The explosion had made the news immediately. It had been contained in the tunnel. The report stated no deaths and one injury.
“They’re not saying we’re dead,” I’d said.
“It’s been an hour,” he’d replied, but he furrowed his brow.
“I saw that tunnel. Nothing would have survived it.”
“Things happened we didn’t expect. Our exit wasn’t clean.”
“I’ll go back and die again,” I said.
He laughed and drove the Toyota safely and sanely southward. I talked when I didn’t want to think about my family. I knew my memories of them would cloud,and get distant, until I could only remember little things.
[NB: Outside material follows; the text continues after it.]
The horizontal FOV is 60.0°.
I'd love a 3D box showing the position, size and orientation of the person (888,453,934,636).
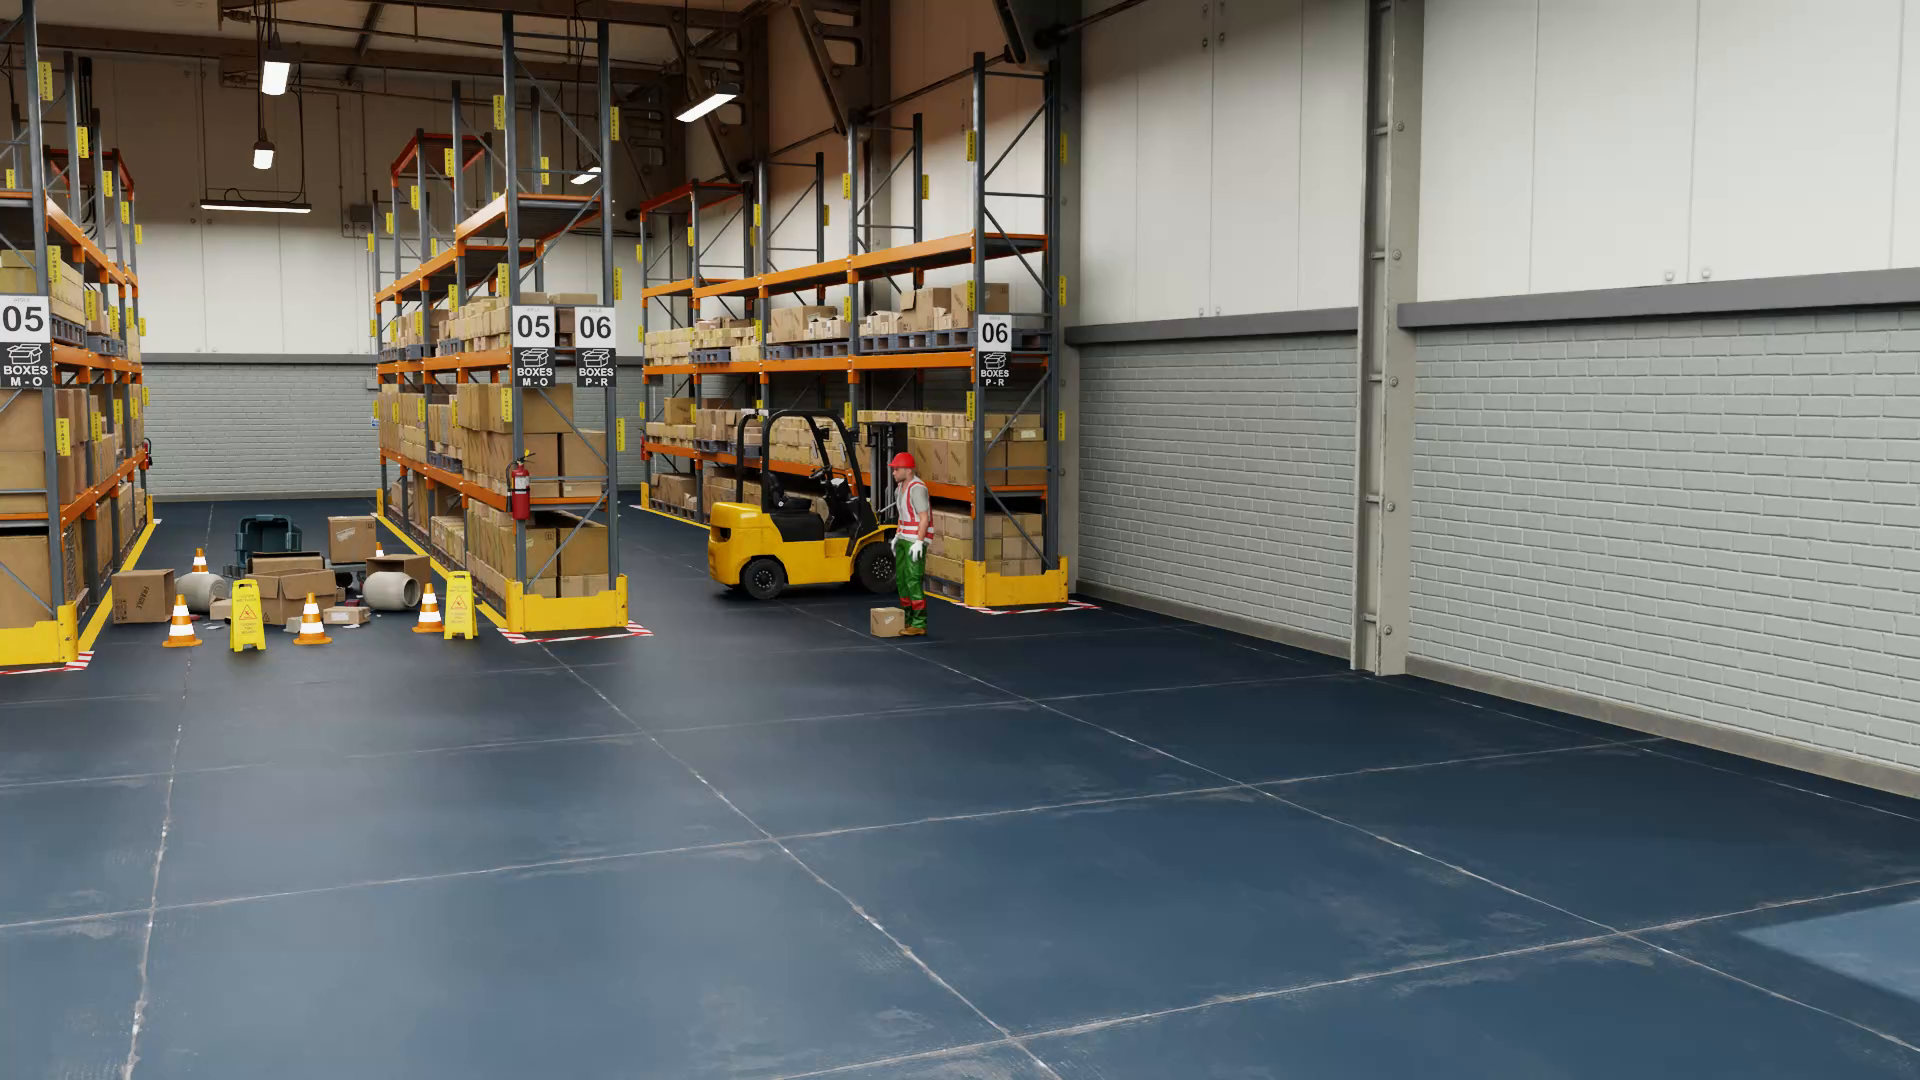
[{"bbox_3d":[-0.501,0.034,16.253,0.454,1.779,0.610,-2,6,-24],"label":"person"}]

I played with the radio, and before we even hit San Diego, the news of Daniel Brower’s collapse as mayoral candidate hit the airwaves.
The TV was on in the bar, hanging above us, blaring Spanish, the light shining through the miasma of cheap Honduran cigarettes. Antonio could only decipher some of the news, but the pictures told the story. They showed an Italian wedding, joyful yet staid, and a room full of people, each with a story, each living a different version of the events until suddenly, arrows were superimposed on the screen, pointing at three men in suits.
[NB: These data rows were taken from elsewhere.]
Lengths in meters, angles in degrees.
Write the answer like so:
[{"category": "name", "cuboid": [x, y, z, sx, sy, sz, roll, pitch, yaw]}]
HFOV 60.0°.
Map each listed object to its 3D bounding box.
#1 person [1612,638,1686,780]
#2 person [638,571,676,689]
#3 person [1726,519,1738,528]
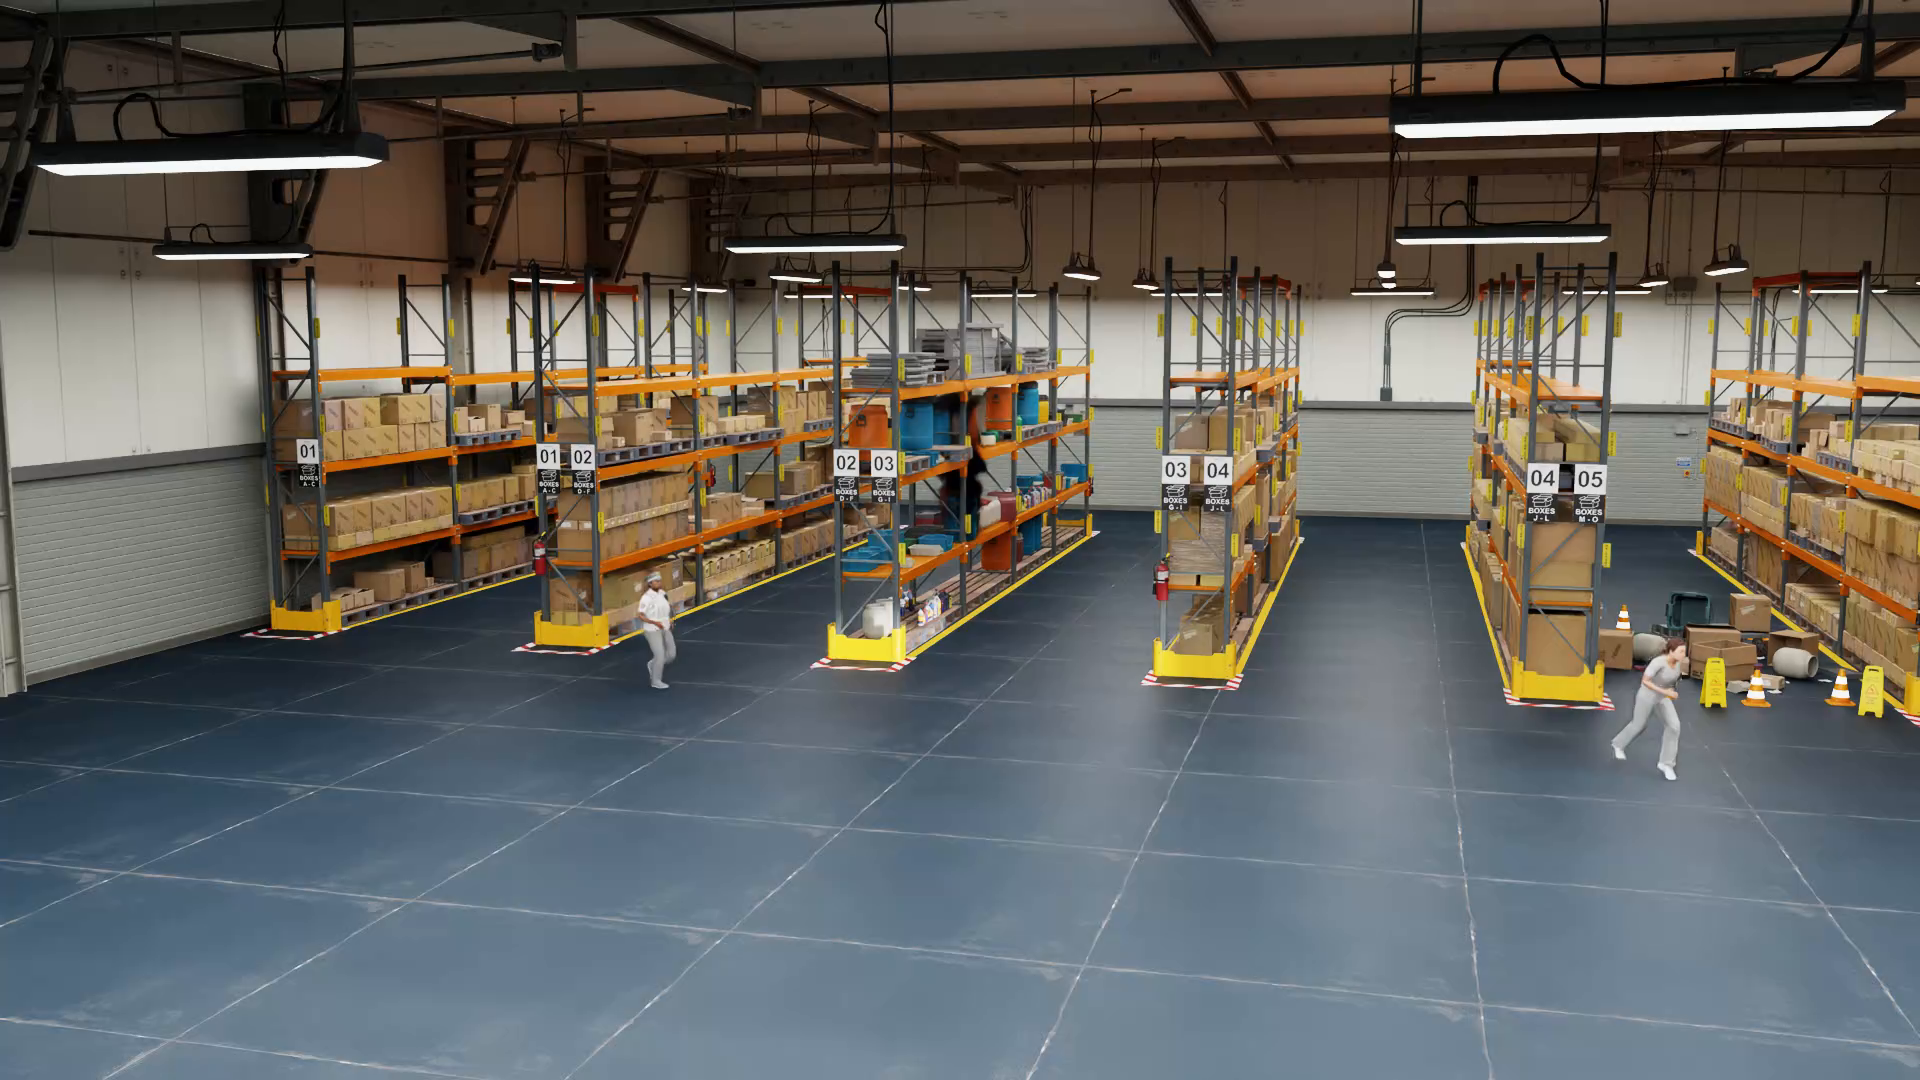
[{"category": "person", "cuboid": [7.825, 1.853, 18.892, 0.606, 1.626, 0.961, -3, 8, -25]}, {"category": "person", "cuboid": [-4.217, 1.250, 23.199, 0.559, 1.646, 0.572, 5, 9, 35]}, {"category": "person", "cuboid": [17.688, -0.581, 37.686, 0.545, 1.621, 0.576, 1, 7, 7]}]

As one, they whipped off earpieces as if in pain.
“What happened?” I asked.
He leaned his back on the bar, looking very pleased with himself. “When you pressed your home key…”
“No bomb. Thanks for that.”
“They got their wires from the bathroom attendant. Then you put this radio signal out. A very loud, high-pitched squeak. Very loud. His little team was exposed. He looks like the ass he is.”
I must have gotten sullen. My face, which hid everything from everyone else, was pure bright-yellow signage to him. It always had been. From the minute he beat some guy on the hood of a car, he’d known what I was feeling.
He put his fingertips on my chin. “It was for your own good.”
“You didn’t want to fight for us. You were just going to leave.”
“I didn’t want you to spend your life fighting. I want life to be easy for you. I want you to be happy. If I humiliated him, and he lost the election, he’d back off troubling you. I’d be gone. You’d be happy. That’s all I ever wanted. More than wanting you for myself, I want you to have a good life.”
“If it hadn’t worked out the way it had—”
“Are you upset that we’re here, together?” I asked.
“I’m upset that you scarred your soul for me. That’s the biggest sin I live with.”
“That’s not what I asked.” I looked at my orange juice then at the specks of pulp on the side of the glass, as if they could help me divine what he was thinking.
“Theresa,” he whispered then drifted off.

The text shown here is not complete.